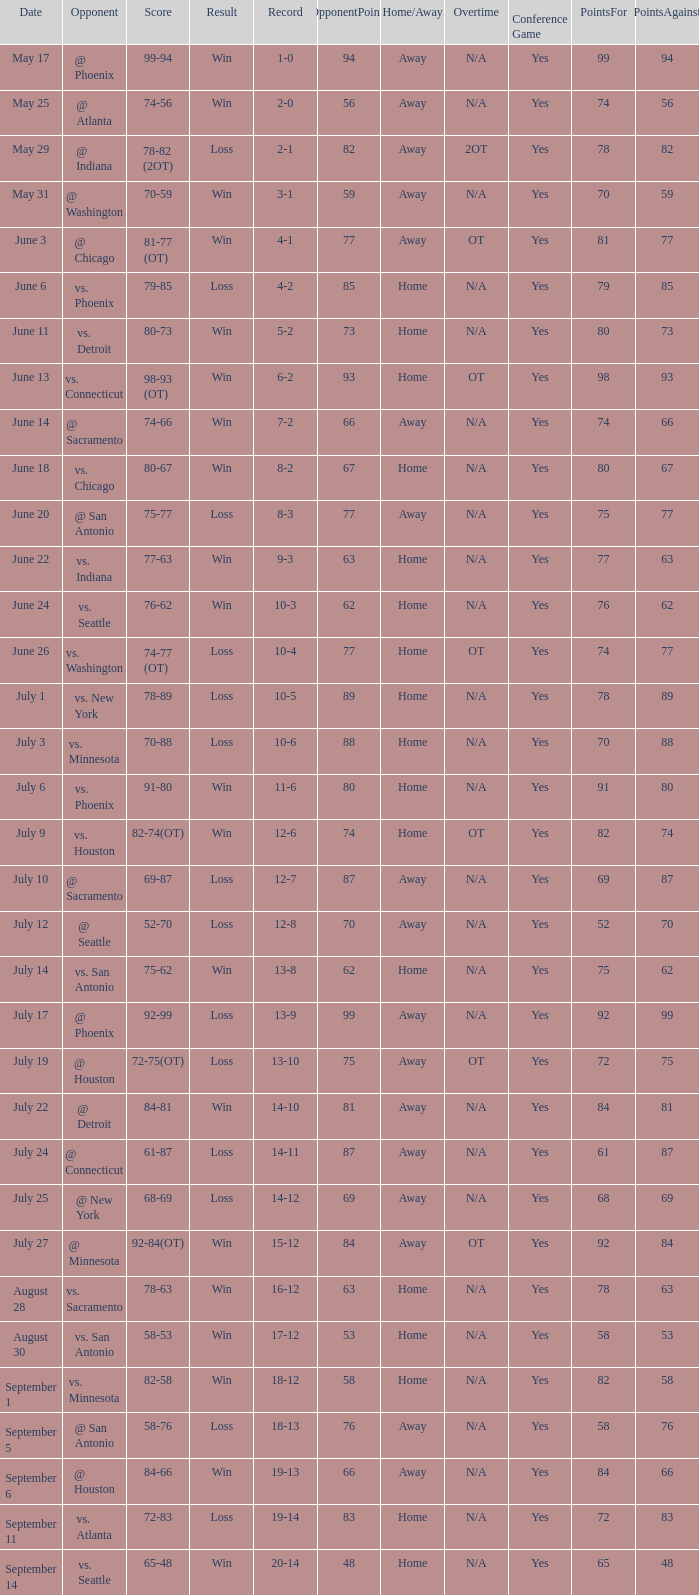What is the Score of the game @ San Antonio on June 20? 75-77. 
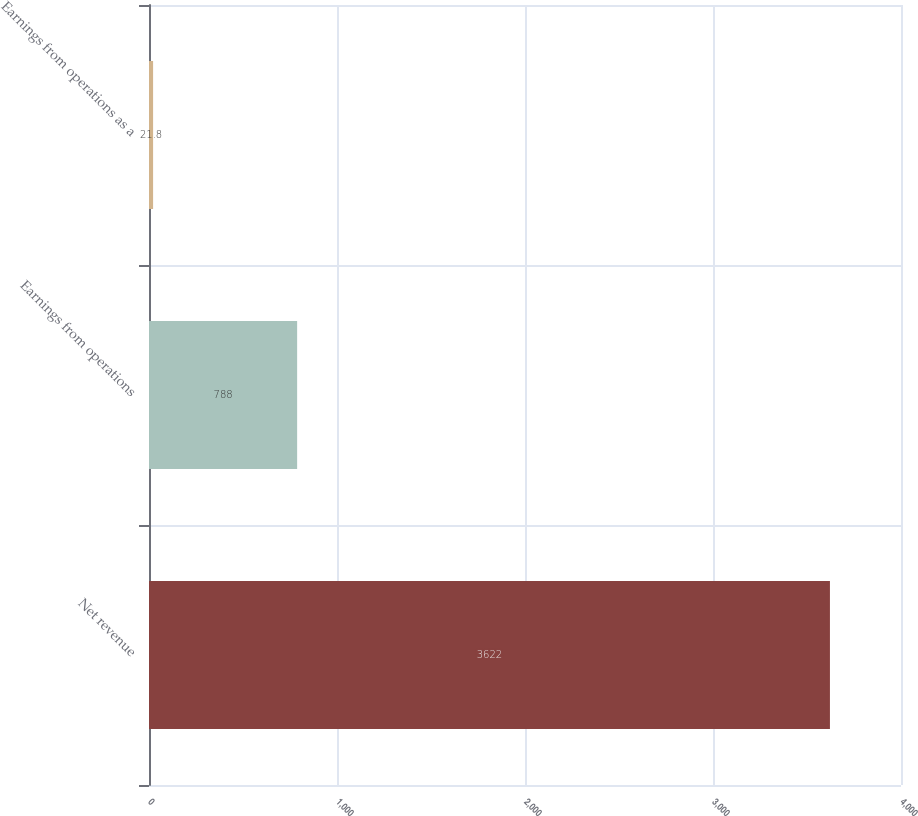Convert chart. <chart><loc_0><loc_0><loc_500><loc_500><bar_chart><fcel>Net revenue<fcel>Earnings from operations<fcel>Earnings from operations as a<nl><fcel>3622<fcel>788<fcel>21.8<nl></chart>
---
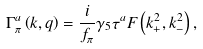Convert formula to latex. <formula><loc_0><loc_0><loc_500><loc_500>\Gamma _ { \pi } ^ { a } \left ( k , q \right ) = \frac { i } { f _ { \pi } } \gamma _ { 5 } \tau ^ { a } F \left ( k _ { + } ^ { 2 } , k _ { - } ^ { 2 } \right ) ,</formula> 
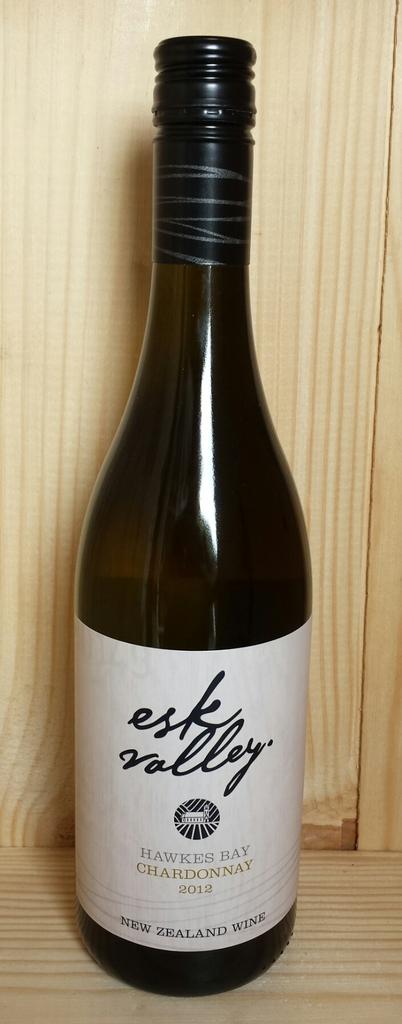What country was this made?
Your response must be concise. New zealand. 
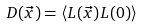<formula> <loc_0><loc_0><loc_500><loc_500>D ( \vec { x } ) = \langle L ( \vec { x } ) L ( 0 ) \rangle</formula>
--
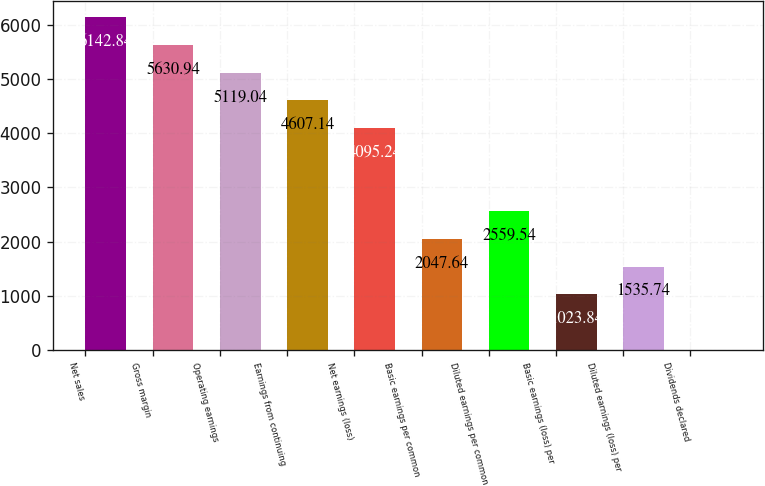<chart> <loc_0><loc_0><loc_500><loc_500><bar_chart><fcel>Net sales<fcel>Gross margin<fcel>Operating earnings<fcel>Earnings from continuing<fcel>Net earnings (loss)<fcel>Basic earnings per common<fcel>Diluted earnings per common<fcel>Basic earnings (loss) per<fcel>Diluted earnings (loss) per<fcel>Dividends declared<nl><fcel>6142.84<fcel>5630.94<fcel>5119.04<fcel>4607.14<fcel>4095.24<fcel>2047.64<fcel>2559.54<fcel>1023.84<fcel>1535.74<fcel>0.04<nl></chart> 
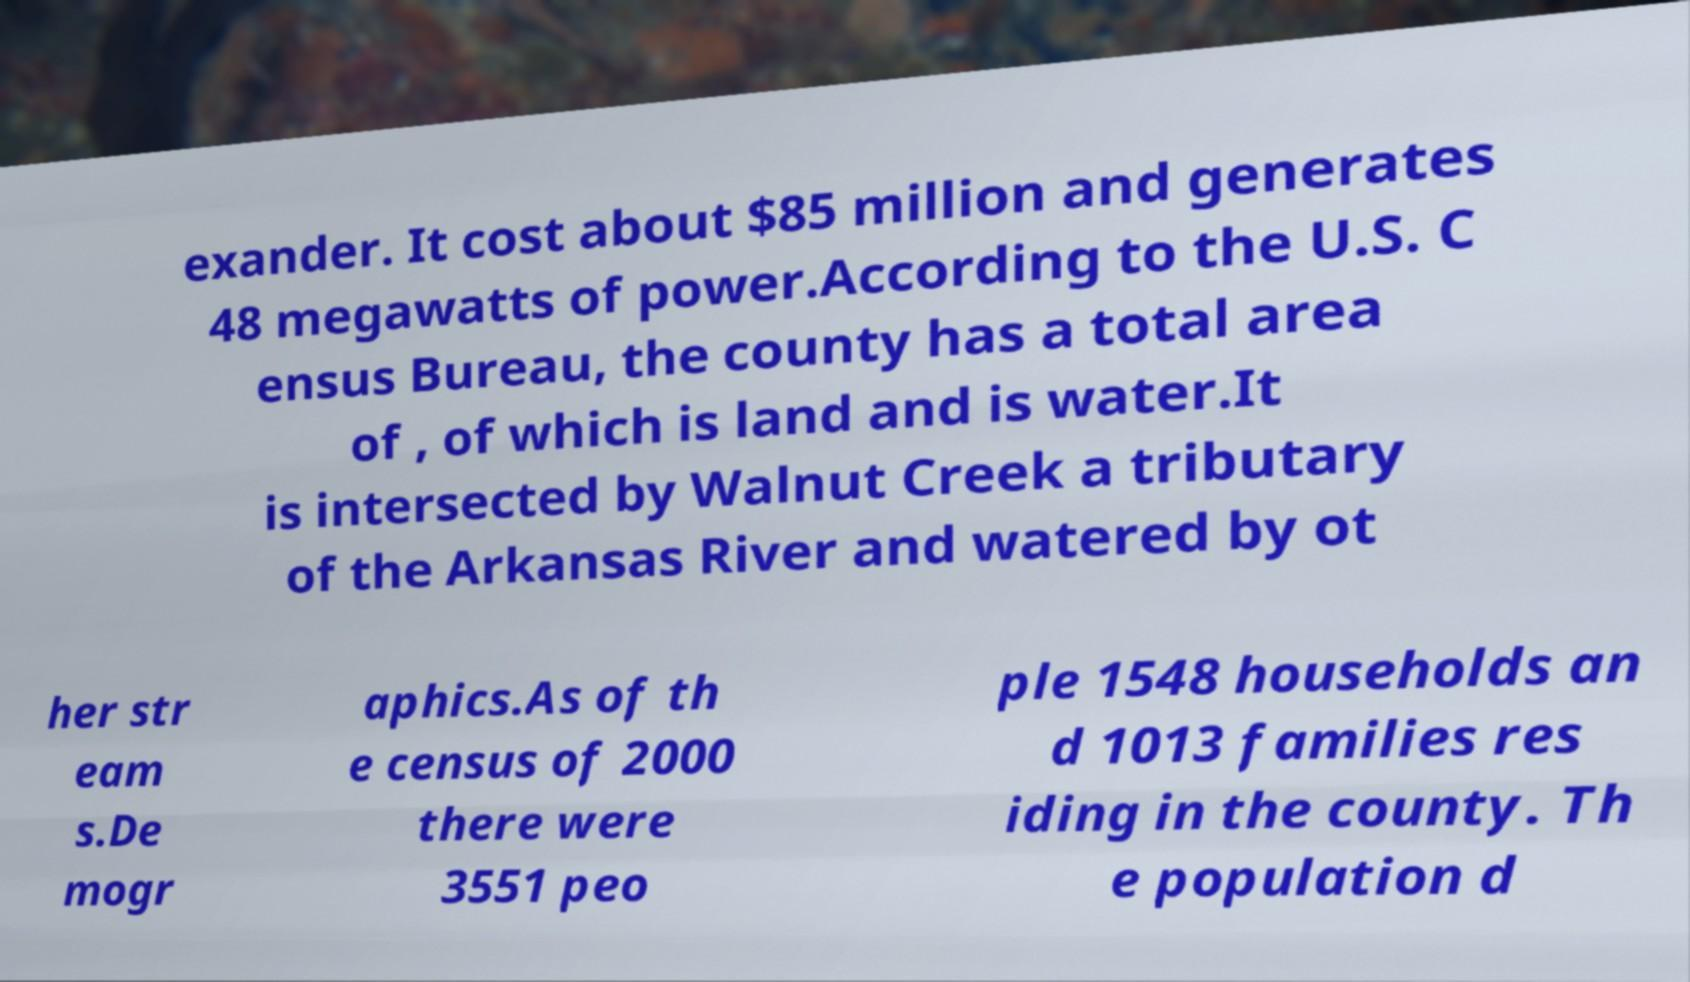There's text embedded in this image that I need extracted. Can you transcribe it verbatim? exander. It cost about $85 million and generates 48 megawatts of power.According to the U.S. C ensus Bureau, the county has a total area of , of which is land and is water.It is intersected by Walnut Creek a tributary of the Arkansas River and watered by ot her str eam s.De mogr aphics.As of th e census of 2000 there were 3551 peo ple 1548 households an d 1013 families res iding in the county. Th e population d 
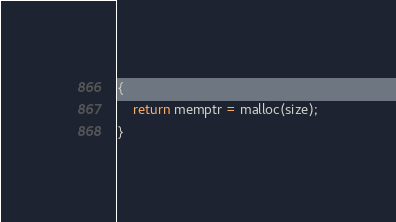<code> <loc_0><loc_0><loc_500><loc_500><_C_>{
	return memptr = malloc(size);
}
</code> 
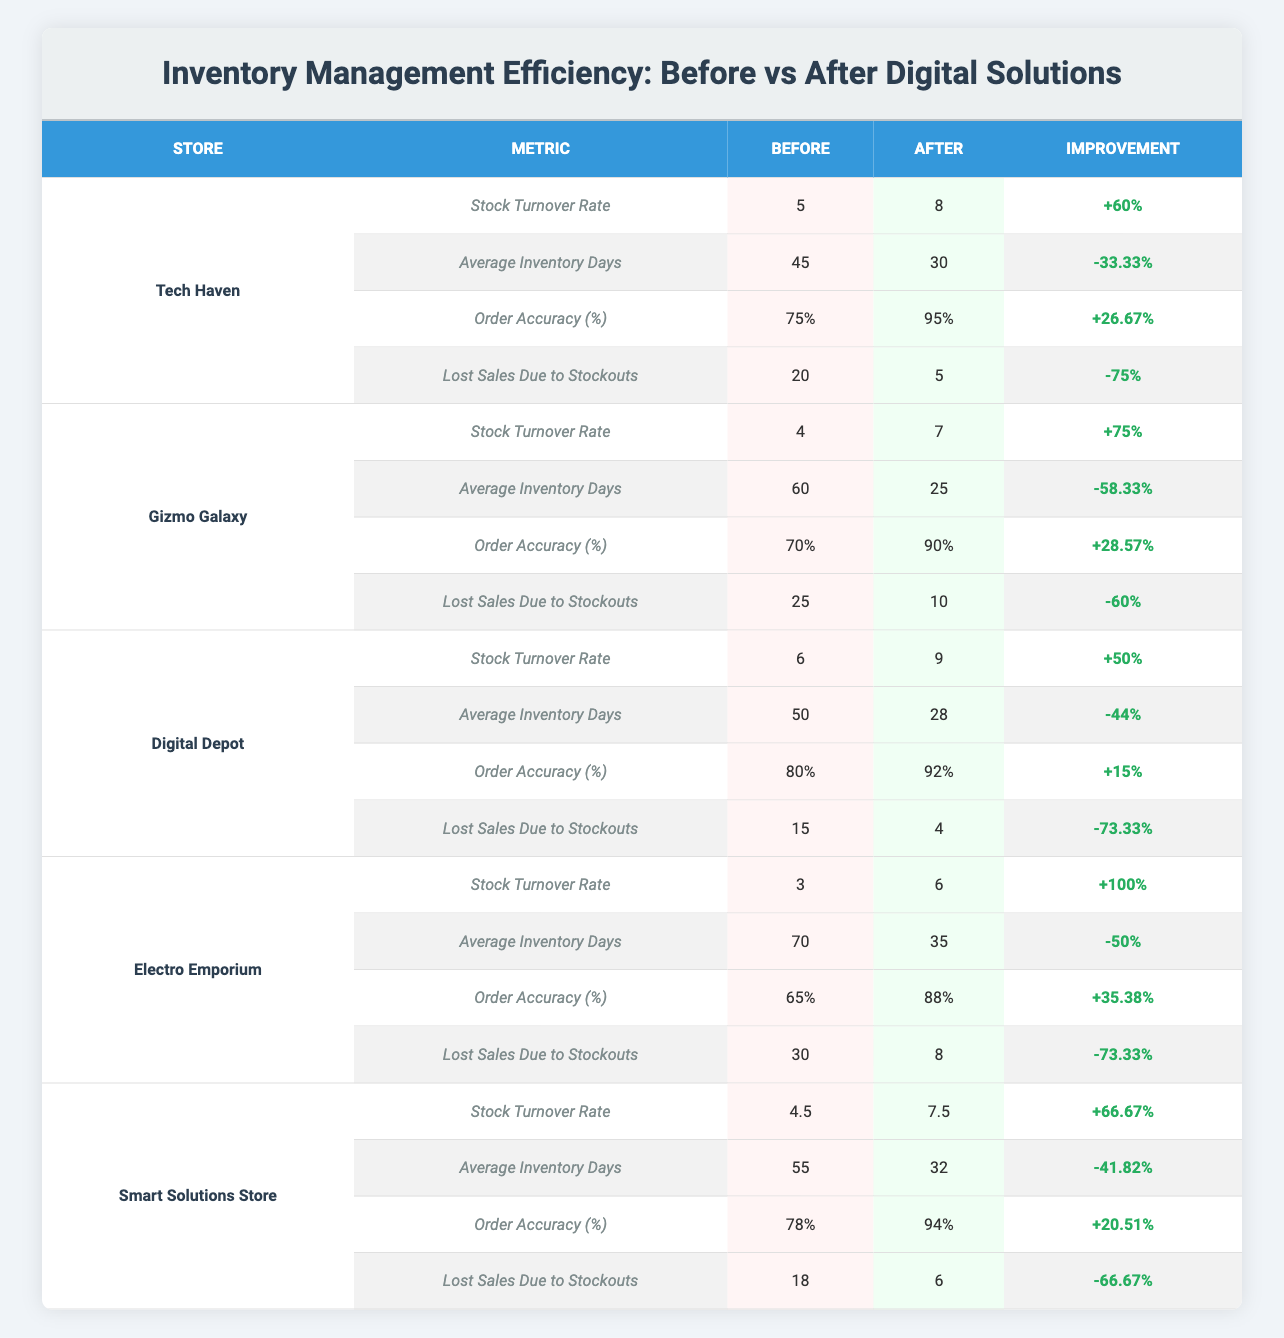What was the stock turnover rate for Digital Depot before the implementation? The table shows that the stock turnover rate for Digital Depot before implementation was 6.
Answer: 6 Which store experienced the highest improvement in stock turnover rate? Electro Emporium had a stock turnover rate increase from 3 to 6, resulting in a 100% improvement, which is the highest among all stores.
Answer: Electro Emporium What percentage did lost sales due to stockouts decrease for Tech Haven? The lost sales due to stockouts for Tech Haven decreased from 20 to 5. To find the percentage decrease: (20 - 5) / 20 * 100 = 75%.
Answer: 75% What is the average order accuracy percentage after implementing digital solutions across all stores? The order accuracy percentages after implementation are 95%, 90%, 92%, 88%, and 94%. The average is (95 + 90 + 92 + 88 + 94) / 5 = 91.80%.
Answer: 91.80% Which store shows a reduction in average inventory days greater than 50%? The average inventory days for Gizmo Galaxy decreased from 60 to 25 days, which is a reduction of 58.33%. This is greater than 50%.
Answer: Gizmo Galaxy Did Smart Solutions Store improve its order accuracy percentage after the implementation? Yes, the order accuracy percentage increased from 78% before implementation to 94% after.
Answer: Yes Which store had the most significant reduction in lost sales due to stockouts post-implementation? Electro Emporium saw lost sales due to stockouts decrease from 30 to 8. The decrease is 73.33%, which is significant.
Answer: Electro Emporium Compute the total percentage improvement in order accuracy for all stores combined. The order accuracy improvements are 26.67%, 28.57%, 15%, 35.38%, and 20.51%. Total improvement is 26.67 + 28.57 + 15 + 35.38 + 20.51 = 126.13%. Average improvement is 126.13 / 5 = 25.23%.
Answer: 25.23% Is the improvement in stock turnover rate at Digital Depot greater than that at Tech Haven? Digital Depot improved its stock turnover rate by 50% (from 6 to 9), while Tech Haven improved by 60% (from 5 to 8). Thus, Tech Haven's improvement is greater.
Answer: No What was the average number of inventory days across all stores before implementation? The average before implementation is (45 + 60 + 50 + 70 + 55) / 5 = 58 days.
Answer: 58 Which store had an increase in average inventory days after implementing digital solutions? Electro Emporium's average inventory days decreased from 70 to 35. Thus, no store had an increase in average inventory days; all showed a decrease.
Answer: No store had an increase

Goal of the exercise.
Scan the listing for the word "stores". Copy every line in which it appears.

Solution to the problem.
Answer: 6 Which store experienced the highest improvement in stock turnover rate? Electro Emporium had a stock turnover rate increase from 3 to 6, resulting in a 100% improvement, which is the highest among all stores.
Answer: 75% What is the average order accuracy percentage after implementing digital solutions across all stores? The order accuracy percentages after implementation are 95%, 90%, 92%, 88%, and 94%. The average is (95 + 90 + 92 + 88 + 94) / 5 = 91.80%.
Answer: Electro Emporium Compute the total percentage improvement in order accuracy for all stores combined. The order accuracy improvements are 26.67%, 28.57%, 15%, 35.38%, and 20.51%. Total improvement is 26.67 + 28.57 + 15 + 35.38 + 20.51 = 126.13%. Average improvement is 126.13 / 5 = 25.23%.
Answer: No What was the average number of inventory days across all stores before implementation? The average before implementation is (45 + 60 + 50 + 70 + 55) / 5 = 58 days.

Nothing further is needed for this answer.